This exemption (which is modelled on the individual exemption available in competition law for potentially anti-competitive agreements) gives SMS firms a potential defence to any accusation of failure to comply with conduct requirements, provided each element can be established.
Interestingly, the countervailing benefits exemption, as currently framed in the Bill, appears to apply only in relation to a CMA enforcement action. However, the Bill also provides for private enforcement cases to be brought for breach of conduct requirements, and in such cases the exemption appears not to apply. This is in marked contrast to the application of the exemption from the Chapter One prohibition on restrictive agreements in section 9 of the Competition Act 1998 (on which the exemption is modelled), which applies to both public and private enforcement. This apparent lacuna in the architecture of the proposed legislation should be corrected so that, if standalone private enforcement for breach of conduct requirements is going to be retained in the Act, the exemption applies to both private and public enforcement.
Pro-competition interventions
In addition to conduct requirements, the Bill also allows the CMA to remedy an existing adverse effect on competition through so-called "pro-competition interventions" (PCIs). A PCI could be:
- An order setting out how the SMS firm must conduct itself, either in relation to the relevant digital activity or otherwise; and/or
- A recommendation to any person exercising public functions (e.g. regulatory authorities) of steps the CMA considers they should take in relation to an SMS firm, the relevant digital activity, or otherwise.

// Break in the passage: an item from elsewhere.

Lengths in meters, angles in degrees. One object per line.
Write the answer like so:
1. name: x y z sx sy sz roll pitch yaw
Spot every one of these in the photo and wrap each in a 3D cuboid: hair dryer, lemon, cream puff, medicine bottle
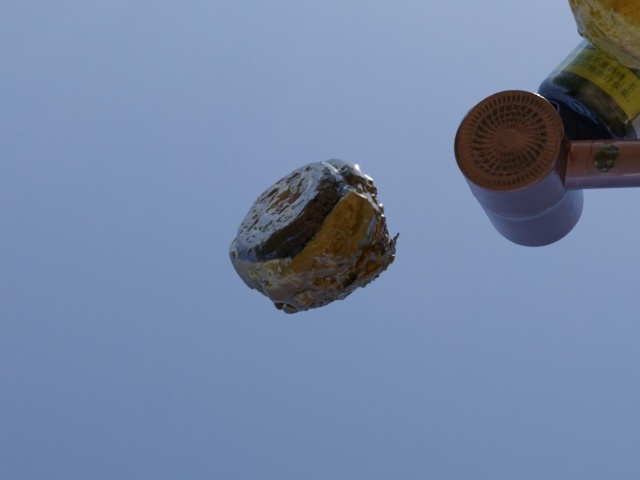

PCIs are therefore potentially much wider in scope than conduct requirements. They will seek to remedy the adverse effects on competition of certain market characteristics, in circumstances where conduct requirements are not sufficient to address the root cause of the issue. The CMA’s powers to make PCIs mirror the CMA’s existing powers following a market investigation reference, which are broad and include the power to order structural remedies or divestments.
In contrast to the current market investigation procedure, however, the Bill envisages PCIs being imposed on a trial basis to assist the CMA in establishing requirements which would effectively remedy, mitigate, or prevent adverse effects on competition or any associated negative effect on consumers. This tool should assist the CMA in ensuring that PCIs imposed are effective and proportionate. The Bill also introduces the possibility for similar trials in the market investigation procedure.
When can the CMA impose PCIs?
In order to impose a PCI, the CMA must, as noted above, first complete a PCI investigation. A PCI investigation will begin with the issuance of an investigation notice to the affected SMS firm, after which the CMA will then have a period of nine months to carry out the investigation and make a final decision (extendable by three months where the CMA considers there are special reasons for doing so).
If the CMA determines as a result of the investigation that (i) a factor (or factors) relating to a relevant digital activity is having an adverse effect on competition (AEC) without any associated benefits, and (ii) that making a PCI would be likely to mitigate the AEC, it can impose PCIs where appropriate.
A factor relating to a digital activity will have an AEC if it prevents, restricts, or distorts competition in respect of that digital activity in the UK. While AECs will be a familiar concept to competition practitioners from the CMA’s market investigation regime, the wording used in the Bill appears to leave some scope for PCIs to be employed for a wider purpose than just addressing the AEC (as would be the case in a market investigation context). This may be a compromise to address concerns that, with a sole focus on competition, using the AEC standard is a move away from initial recommendations that new powers be used to address effects on consumers as well (e.g. by giving them more control over their data and/or enabling them to be adequately compensated for providing their data, as was recommended by the CMA in its guise as the Digital Markets Taskforce).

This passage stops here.